Devil’s Due offers a new take on the slasher genre with Tim Seeley’s Hack/Slash. Cassie was picked on as a child which led to her mother brutally murdering every guilty kid in her school and serving them in the school lunch. This prompted Cassie to go out and kill homicidal maniacs, or slashers, with her freakish companion Vlad. The book started as a series of one-shots in 2004 now collected in the trades The First Cut and Death By Sequel, which gave way to a limited-series called Land of Lost Toys, which eventually led to the characters getting their own ongoing book, Hack/Slash: The Series. If that wasn’t enough for you, they also had a cross-over with Chucky in Hack/Slash vs. Chucky.

Somewhere between madness and mayhem lies…Psychosis! Psychosis! is an annual horror anthology publication by Guild Works Productions that explores some of the most terrifying things humans have experienced. The second issue was released just this October and features a variety of talent from different levels of the comic book field, many farmed from the national networking group the Comicbook Artists Guild


Before HBO, there was the original Tales from the Crypt.
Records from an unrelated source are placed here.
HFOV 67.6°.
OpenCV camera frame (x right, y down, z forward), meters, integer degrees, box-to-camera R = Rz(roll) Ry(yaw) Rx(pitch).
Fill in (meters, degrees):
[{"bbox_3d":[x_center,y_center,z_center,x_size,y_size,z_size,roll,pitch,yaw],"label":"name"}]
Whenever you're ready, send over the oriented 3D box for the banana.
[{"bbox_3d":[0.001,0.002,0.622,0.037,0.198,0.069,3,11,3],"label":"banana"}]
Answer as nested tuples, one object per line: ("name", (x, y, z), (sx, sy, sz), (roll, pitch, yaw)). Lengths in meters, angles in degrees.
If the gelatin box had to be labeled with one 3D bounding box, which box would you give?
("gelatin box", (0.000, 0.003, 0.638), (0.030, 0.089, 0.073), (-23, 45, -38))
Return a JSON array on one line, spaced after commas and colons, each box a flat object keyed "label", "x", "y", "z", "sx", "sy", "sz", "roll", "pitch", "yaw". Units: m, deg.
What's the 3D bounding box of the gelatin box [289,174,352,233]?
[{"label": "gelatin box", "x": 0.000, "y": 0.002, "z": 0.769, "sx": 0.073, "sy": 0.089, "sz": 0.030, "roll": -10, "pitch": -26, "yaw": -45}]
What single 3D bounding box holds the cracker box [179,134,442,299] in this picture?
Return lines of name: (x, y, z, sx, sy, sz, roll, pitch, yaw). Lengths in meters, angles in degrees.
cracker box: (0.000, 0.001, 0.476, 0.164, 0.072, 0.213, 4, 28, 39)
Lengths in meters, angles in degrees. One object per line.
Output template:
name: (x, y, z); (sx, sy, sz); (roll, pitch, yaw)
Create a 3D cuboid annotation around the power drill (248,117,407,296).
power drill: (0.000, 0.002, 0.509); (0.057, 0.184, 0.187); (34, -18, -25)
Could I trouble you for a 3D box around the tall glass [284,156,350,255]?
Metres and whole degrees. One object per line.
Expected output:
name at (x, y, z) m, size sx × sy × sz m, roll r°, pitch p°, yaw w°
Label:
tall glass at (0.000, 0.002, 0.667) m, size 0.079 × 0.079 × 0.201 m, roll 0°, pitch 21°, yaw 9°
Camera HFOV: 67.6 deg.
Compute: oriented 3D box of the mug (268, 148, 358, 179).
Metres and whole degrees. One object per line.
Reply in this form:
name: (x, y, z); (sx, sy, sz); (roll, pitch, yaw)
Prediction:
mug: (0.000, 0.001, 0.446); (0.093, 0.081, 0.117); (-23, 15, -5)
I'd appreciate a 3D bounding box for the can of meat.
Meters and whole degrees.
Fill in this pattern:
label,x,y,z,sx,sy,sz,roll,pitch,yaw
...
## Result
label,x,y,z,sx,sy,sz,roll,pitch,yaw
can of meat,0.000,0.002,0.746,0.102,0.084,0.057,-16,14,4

Published in the 1950s by EC comics, these tales paved the way for every incarnation that would come after. Gemstone Publishing had collected two volumes worth of the original EC Comics run, reprinting 12 issues and 24 stories in total. Also, a new more kid-friendly version of the classic book is currently being produced by Papercutz! under the supervision of industry veteran Jim Salicrup.

Marvel’s Tomb of Dracula was a 70-issue series from the 70s that followed the adventures of a group of vampire hunters who went after Dracula or other menaces, sometimes resulting in Dracula teaming-up to help them. Along with many other classic books, the series was given the Essential treatment in 2004, collecting all 70 issues of the series between four volumes and a few stories from the magazine of the same title. Also, the Frankenstein Monster and Werewolf by Night have also been given Essentials, collecting the various comics in which they appeared in one handy tome. Plus, the four Legion of Monsters one-shots that re-imagine some of Marvel’s supernatural characters have just been released in a new collected edition.

And, last but not least, what’s Halloween without those courageous defenders of humanity against the perils of the supernatural, the Ghostbusters! No Halloween is complete without them, and the same goes for their comics. Although the last newly published book was in 2004 through 88MPH Studios by Andrew Dabb and Steve Kurth, the Ghostbusters have been around for many years, mostly in their cartoon variations. NOW Comics published over 30 issues of The Real Ghostbusters, including an adaptation of the second movie and the Slimer! spin-off.

Of course, boils and ghouls, these are just some of the most recent examples of Halloween-ready comics available on the stands. There are many more spine-tinglers out there to raise your hair and give you goose bumps, both newly deceased and rotten from the grave. So if you’re looking for a scare for your next Halloween, head to your local cemetery and dig up these gruesome creations. But, remember to leave the lights on, kiddies, because you just might find yourself the fright of your afterlife! MWAHAHAHAHA!